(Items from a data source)
-- Opening Marker --
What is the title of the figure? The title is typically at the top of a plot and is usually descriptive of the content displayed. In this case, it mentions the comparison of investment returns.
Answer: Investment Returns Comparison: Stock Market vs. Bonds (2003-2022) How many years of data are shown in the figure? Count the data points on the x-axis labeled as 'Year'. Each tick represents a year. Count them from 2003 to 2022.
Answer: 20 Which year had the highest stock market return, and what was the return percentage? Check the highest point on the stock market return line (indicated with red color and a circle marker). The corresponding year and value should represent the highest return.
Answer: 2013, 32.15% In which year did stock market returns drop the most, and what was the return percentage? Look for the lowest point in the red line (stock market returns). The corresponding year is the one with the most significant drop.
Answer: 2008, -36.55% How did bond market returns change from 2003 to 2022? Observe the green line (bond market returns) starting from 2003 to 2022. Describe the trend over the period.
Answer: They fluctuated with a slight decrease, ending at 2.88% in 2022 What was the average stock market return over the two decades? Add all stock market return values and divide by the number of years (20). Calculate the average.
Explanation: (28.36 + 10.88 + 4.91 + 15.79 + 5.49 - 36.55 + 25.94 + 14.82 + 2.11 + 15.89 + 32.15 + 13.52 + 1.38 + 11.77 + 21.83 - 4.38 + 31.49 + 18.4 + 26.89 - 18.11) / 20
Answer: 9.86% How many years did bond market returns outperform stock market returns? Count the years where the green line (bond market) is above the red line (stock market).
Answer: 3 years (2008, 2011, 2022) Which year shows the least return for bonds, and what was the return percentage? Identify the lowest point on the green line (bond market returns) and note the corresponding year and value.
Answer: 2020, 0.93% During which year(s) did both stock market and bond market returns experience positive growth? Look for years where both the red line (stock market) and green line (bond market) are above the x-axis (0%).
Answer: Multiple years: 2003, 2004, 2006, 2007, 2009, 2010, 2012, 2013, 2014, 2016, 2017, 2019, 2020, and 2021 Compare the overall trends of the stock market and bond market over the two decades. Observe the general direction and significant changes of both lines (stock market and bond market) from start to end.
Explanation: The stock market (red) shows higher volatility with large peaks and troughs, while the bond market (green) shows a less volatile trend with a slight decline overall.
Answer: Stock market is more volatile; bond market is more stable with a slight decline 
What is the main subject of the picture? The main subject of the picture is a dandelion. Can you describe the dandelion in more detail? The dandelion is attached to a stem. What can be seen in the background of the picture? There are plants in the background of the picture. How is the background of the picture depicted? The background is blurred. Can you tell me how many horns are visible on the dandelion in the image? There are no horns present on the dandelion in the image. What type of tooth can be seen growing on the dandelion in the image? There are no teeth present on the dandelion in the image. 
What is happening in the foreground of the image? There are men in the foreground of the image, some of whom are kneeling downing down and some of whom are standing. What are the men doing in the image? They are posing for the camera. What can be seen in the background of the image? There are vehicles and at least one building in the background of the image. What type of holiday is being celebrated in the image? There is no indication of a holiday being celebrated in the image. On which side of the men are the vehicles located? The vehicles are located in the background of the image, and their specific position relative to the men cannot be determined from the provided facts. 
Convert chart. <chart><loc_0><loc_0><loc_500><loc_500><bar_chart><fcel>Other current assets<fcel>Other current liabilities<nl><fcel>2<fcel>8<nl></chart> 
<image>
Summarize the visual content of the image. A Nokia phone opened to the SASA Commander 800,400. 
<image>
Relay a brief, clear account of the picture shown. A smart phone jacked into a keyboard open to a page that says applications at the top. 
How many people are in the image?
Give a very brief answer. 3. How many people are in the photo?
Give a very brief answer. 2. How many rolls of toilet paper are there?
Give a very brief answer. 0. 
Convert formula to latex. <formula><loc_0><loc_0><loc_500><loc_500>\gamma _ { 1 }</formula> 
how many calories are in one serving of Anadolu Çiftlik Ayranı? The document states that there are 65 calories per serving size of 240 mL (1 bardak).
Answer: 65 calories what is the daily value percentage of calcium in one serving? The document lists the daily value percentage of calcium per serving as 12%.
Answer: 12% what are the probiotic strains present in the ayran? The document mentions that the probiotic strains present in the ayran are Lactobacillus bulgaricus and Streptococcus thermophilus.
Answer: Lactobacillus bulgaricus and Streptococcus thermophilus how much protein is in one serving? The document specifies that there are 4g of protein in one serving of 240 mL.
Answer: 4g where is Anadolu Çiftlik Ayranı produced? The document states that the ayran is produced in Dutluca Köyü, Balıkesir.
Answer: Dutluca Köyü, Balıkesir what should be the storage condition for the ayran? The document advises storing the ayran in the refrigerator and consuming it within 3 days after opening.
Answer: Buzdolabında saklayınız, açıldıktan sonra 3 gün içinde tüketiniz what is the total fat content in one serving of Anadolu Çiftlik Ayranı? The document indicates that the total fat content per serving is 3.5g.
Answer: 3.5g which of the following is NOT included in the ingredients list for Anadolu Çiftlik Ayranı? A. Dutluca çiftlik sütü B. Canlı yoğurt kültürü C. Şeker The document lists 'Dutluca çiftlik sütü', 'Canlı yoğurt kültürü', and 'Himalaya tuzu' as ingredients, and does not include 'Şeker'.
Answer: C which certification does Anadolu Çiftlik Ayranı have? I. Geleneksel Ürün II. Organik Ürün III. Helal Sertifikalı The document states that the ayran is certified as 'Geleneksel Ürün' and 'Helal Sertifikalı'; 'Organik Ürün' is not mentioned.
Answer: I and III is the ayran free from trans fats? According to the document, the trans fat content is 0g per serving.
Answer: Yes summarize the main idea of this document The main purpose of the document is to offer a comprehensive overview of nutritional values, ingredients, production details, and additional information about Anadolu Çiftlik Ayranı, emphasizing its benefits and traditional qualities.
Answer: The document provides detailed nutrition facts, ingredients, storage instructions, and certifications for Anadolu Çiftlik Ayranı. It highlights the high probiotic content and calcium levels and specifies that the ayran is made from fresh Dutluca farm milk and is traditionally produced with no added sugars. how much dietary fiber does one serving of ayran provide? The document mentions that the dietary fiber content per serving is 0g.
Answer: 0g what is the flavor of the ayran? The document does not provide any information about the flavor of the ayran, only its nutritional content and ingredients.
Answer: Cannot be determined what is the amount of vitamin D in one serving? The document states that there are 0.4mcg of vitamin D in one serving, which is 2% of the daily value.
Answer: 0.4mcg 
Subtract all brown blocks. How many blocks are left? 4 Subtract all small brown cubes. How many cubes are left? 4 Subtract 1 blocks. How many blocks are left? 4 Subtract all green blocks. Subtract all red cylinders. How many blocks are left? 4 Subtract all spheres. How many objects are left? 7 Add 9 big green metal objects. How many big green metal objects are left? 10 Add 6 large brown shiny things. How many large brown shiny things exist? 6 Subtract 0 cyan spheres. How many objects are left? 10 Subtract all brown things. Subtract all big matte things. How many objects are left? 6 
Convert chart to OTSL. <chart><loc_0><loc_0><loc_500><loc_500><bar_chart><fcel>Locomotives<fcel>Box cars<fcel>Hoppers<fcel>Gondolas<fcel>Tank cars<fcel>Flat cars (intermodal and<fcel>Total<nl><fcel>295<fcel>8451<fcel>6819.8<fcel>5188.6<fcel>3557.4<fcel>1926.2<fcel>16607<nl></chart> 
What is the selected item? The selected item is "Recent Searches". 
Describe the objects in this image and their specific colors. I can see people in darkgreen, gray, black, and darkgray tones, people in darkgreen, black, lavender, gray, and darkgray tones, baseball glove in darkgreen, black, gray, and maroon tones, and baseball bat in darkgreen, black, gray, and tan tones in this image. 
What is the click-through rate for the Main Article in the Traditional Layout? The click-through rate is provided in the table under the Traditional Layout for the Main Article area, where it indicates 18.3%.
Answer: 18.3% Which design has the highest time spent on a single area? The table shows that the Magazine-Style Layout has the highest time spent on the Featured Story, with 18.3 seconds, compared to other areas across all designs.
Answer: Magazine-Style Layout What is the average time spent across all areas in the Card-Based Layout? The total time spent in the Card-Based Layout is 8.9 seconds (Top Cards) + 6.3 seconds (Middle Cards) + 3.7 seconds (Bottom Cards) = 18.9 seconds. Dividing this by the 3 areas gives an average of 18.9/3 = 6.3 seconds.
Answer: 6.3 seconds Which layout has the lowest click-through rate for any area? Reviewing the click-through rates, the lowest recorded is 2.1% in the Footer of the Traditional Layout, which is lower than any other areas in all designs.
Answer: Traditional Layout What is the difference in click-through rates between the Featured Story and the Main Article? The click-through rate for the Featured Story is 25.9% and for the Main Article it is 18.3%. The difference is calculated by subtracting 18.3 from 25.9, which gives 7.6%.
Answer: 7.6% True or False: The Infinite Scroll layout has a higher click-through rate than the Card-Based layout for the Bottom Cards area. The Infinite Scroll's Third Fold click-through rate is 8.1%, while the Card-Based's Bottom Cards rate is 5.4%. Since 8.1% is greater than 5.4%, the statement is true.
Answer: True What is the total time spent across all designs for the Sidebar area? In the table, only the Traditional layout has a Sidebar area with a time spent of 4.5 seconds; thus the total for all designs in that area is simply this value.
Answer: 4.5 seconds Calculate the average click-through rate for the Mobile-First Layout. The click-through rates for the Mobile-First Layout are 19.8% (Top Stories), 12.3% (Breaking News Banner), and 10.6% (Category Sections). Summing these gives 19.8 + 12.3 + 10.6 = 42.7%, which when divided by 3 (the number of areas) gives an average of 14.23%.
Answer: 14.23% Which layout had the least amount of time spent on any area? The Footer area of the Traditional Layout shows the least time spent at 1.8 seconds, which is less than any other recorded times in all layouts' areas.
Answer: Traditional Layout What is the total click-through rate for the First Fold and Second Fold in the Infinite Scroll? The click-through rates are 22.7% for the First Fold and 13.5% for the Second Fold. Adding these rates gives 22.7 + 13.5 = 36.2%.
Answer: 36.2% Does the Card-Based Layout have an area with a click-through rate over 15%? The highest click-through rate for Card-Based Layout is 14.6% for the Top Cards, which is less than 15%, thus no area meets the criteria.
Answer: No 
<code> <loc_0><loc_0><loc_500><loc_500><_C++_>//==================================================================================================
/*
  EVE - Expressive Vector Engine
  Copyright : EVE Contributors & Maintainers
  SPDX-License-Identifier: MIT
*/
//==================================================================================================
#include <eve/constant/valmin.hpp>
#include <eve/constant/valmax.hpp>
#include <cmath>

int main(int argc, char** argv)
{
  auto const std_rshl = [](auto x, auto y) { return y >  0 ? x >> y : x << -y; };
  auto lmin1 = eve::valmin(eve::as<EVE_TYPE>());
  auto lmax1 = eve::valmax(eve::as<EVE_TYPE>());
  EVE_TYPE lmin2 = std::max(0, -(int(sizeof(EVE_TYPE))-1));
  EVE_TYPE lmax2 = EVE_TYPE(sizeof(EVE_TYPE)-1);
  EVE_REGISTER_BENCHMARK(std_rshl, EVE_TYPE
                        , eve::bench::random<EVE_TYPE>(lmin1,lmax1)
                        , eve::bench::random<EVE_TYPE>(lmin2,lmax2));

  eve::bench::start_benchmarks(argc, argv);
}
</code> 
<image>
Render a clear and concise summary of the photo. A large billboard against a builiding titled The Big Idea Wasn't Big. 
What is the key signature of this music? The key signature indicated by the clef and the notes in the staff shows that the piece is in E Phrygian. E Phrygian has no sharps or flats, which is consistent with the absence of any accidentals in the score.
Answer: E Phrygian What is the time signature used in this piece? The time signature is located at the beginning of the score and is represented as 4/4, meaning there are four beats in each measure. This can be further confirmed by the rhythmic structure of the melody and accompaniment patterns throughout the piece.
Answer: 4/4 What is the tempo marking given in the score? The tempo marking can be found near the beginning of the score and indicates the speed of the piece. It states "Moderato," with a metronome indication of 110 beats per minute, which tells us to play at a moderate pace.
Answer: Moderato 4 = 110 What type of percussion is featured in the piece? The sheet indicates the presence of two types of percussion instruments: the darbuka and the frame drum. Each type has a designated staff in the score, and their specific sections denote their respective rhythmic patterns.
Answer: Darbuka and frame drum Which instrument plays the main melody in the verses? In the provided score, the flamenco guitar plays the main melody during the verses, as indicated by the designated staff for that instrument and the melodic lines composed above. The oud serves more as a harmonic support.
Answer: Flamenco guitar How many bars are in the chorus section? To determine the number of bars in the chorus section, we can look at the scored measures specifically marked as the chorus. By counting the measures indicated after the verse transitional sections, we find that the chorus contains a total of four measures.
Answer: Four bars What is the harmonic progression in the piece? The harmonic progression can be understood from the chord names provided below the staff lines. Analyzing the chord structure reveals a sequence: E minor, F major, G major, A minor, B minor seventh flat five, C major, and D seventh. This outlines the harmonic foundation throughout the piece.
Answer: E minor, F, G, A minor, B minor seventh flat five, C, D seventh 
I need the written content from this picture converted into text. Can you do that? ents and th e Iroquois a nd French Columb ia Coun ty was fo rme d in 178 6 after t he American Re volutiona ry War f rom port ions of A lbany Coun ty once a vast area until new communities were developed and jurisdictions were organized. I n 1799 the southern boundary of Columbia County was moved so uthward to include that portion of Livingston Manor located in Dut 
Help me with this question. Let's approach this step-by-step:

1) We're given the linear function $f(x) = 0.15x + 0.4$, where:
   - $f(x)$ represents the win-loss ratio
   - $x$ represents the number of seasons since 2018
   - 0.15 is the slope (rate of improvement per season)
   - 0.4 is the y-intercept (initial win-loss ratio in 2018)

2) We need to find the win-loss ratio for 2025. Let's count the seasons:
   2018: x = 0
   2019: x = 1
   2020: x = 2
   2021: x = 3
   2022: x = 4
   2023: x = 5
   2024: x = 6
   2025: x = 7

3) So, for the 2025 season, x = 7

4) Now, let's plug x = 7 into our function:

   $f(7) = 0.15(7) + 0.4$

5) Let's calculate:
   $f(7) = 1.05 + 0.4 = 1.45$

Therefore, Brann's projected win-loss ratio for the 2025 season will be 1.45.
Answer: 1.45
-- Closing Marker --
> Problem description: Out of the records above, pull the lines that include the word "very".

> Finished exercise:
Give a very brief answer. 3. How many people are in the photo?
Give a very brief answer. 2. How many rolls of toilet paper are there?
Give a very brief answer. 0. 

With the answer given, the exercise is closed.